WHAT YOU WILL DO
Please reproduce exactly the lines that begin the listing below, up to and including the line where "the range 38.0%-40.2%?" occurs.

ENTRIES SUPPLIED
··········
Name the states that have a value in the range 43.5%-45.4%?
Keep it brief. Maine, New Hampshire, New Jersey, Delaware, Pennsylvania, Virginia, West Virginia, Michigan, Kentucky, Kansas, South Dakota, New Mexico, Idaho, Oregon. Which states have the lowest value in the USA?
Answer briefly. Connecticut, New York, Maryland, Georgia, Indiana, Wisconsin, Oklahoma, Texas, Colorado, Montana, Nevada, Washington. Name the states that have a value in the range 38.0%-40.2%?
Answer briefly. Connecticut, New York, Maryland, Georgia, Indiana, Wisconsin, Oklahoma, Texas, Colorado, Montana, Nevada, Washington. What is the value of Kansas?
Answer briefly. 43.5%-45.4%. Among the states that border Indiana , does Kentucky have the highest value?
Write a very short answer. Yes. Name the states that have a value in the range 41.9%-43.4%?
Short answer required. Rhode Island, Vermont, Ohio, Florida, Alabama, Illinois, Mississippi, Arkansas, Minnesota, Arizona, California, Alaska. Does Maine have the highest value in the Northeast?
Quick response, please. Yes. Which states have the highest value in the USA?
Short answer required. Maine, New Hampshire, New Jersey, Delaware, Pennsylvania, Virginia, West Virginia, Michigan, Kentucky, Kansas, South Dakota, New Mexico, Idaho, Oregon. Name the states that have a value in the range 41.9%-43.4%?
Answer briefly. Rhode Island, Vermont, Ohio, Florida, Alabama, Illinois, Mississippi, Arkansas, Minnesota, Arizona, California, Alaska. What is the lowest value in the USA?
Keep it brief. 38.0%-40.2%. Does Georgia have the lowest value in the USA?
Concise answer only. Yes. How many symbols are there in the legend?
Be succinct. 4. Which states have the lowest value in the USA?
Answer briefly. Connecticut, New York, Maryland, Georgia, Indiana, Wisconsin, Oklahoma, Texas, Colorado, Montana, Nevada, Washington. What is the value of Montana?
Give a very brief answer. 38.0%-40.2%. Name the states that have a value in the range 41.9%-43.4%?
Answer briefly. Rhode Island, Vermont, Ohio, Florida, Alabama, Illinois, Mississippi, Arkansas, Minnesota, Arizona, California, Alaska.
··········
RESULT OF THE EXERCISE
Name the states that have a value in the range 43.5%-45.4%?
Keep it brief. Maine, New Hampshire, New Jersey, Delaware, Pennsylvania, Virginia, West Virginia, Michigan, Kentucky, Kansas, South Dakota, New Mexico, Idaho, Oregon. Which states have the lowest value in the USA?
Answer briefly. Connecticut, New York, Maryland, Georgia, Indiana, Wisconsin, Oklahoma, Texas, Colorado, Montana, Nevada, Washington. Name the states that have a value in the range 38.0%-40.2%?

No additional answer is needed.